LAUSR

Necrosis targeting and imaging has significant implications for evaluating tumor growth, therapeutic response, and delivery of therapeutics to peri-necrotic tumor zones. Hypericin is a hydrophobic molecule with high necrosis affinity and fluorescence imaging properties. To date, the safe and effective delivery of hypericin to areas of necrosis in vivo remains a challenge due to its incompatible biophysical properties. To address this issue, we have developed a biodegradable nanoparticle (Hyp-NP) for delivery of hypericin to tumors for necrosis targeting and fluorescence imaging.
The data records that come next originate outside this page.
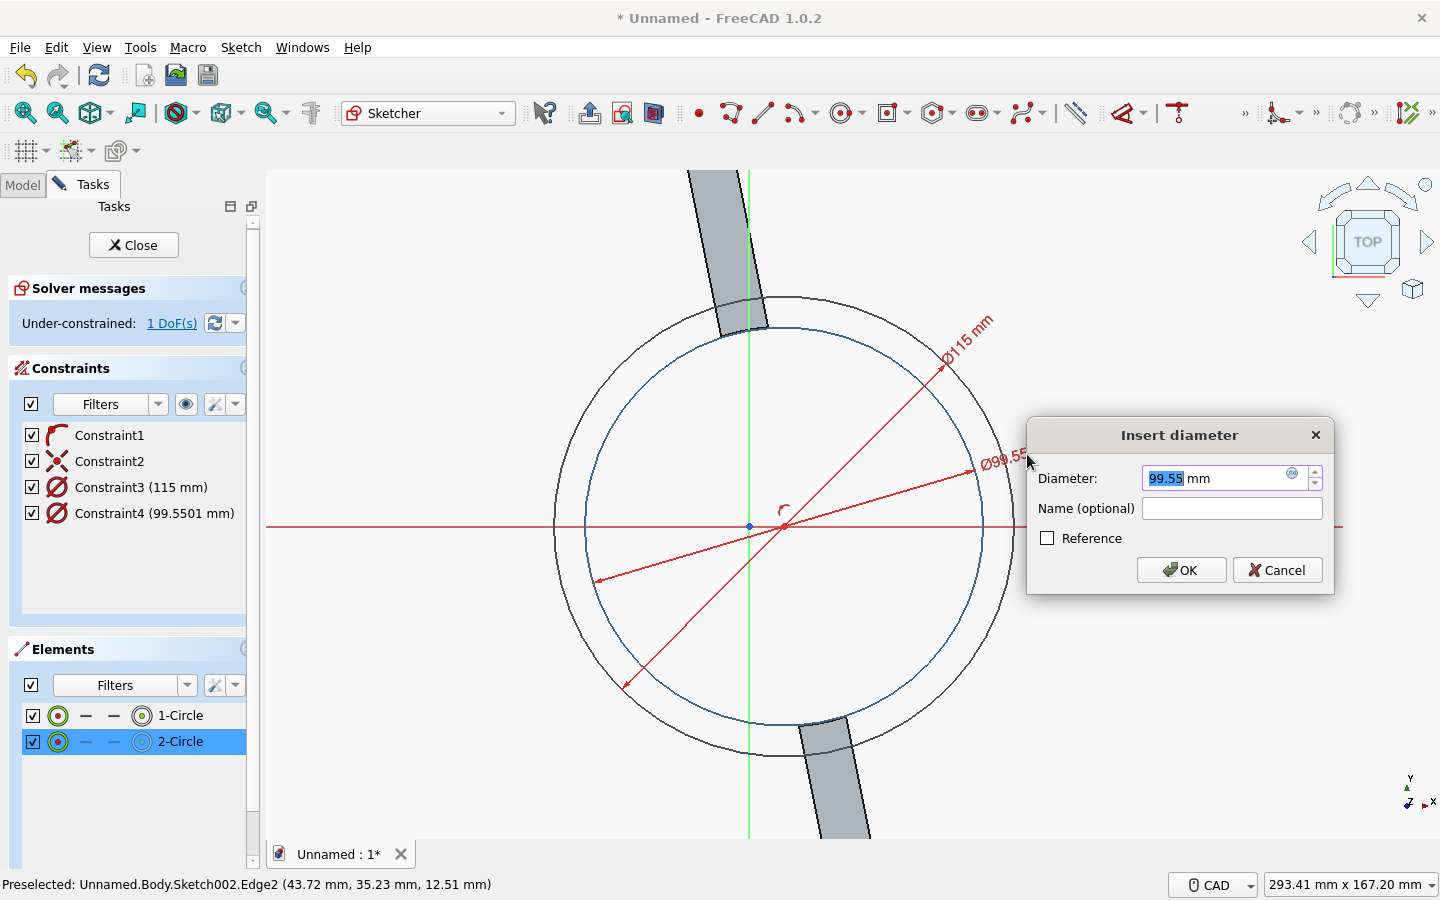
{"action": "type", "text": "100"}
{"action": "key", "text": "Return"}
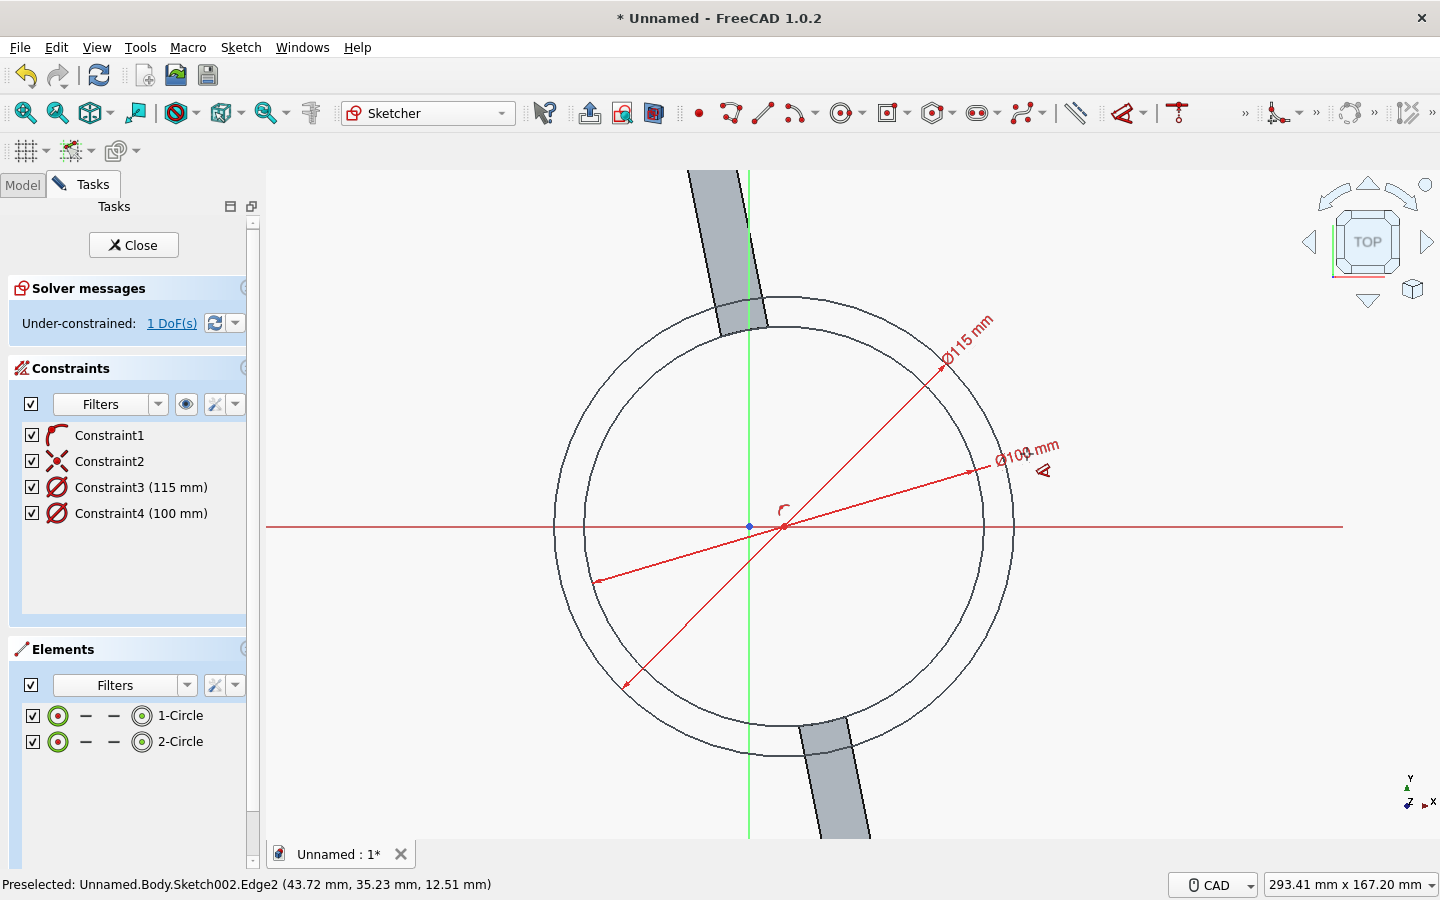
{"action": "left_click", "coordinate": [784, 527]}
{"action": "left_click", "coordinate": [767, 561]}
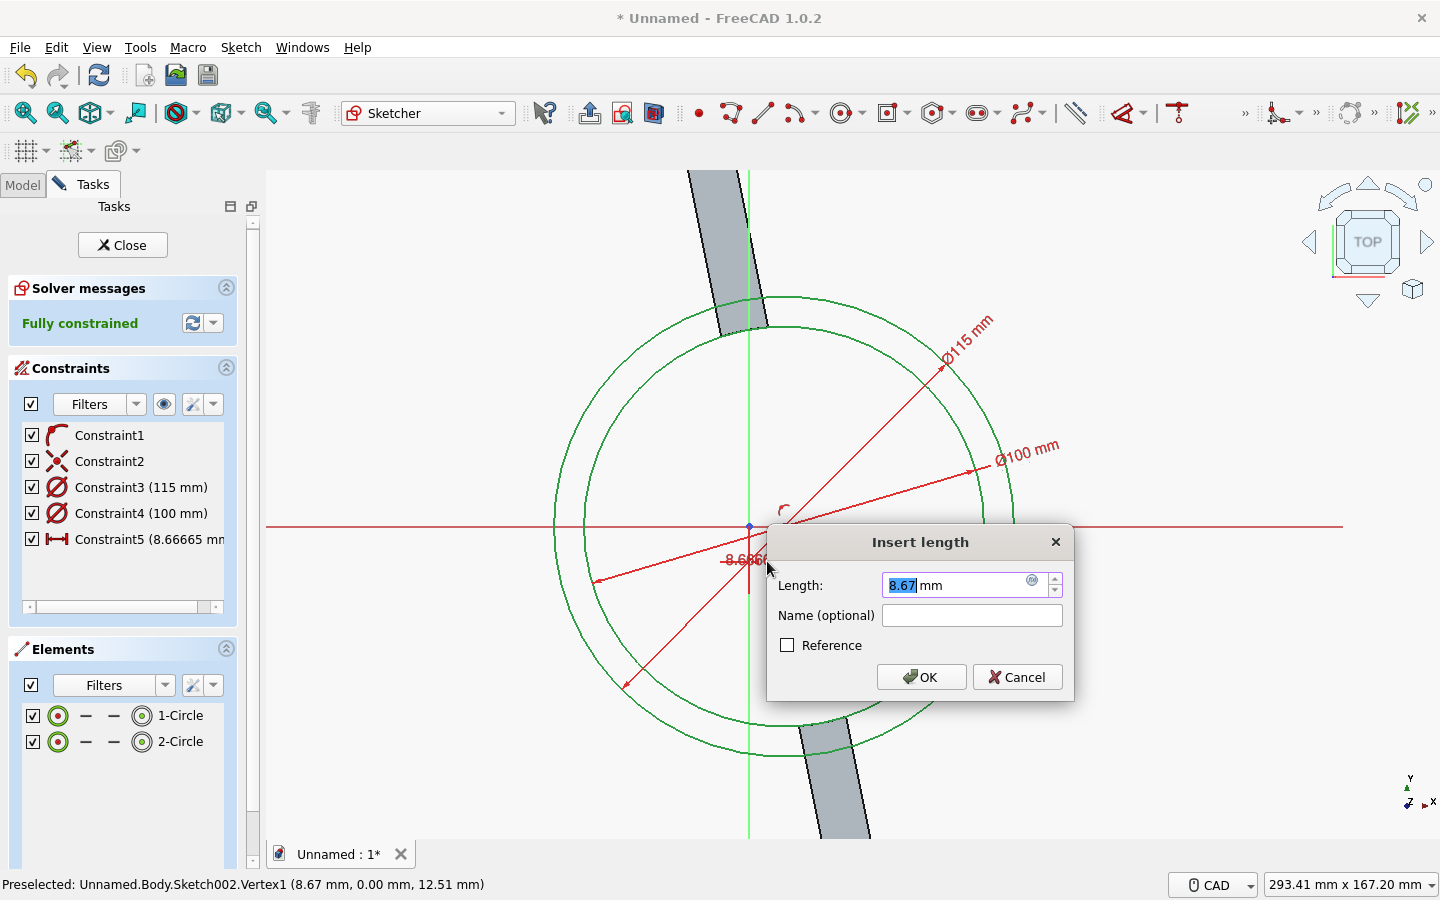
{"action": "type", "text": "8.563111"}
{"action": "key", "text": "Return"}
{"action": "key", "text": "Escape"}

The nanoparticle was developed using methoxy poly(ethylene glycol)- b -poly(ε-caprolactone) (PEG-PCL) and hypericin by a modified solvent evaporation technique. The size of Hyp-NP was 19.0±1.8 nm from cryo-TEM and 37.3±0.7 nm from dynamic light scattering analysis with a polydispersity index of 0.15±0.01. The encapsulation efficiency of hypericin was 95.05% w/w by UV-vis absorption. After storage for 30 days, 91.4% hypericin was retained in Hyp-NP with nearly no change in hydrodynamic size, representing nanoparticle stability. In an ovarian cancer cell line, Hyp-NP demonstrated cellular internalization with intracellular cytoplasmic localization and preserved fluorescence and necrosis affinity. In a mouse subcutaneous tumor model, tumor accumulation was noted at 8 h post-injection, with near-complete clearance at 96 h post-injection. Hyp-NP was shown to be tightly localized within necrotic tumor zones. Histologic analysis of harvested organs demonstrated no gross abnormalities, and in vitro, no hemolysis was observed. This proof-of-concept study demonstrates the potential clinical applications of Hyp-NP for necrosis targeting.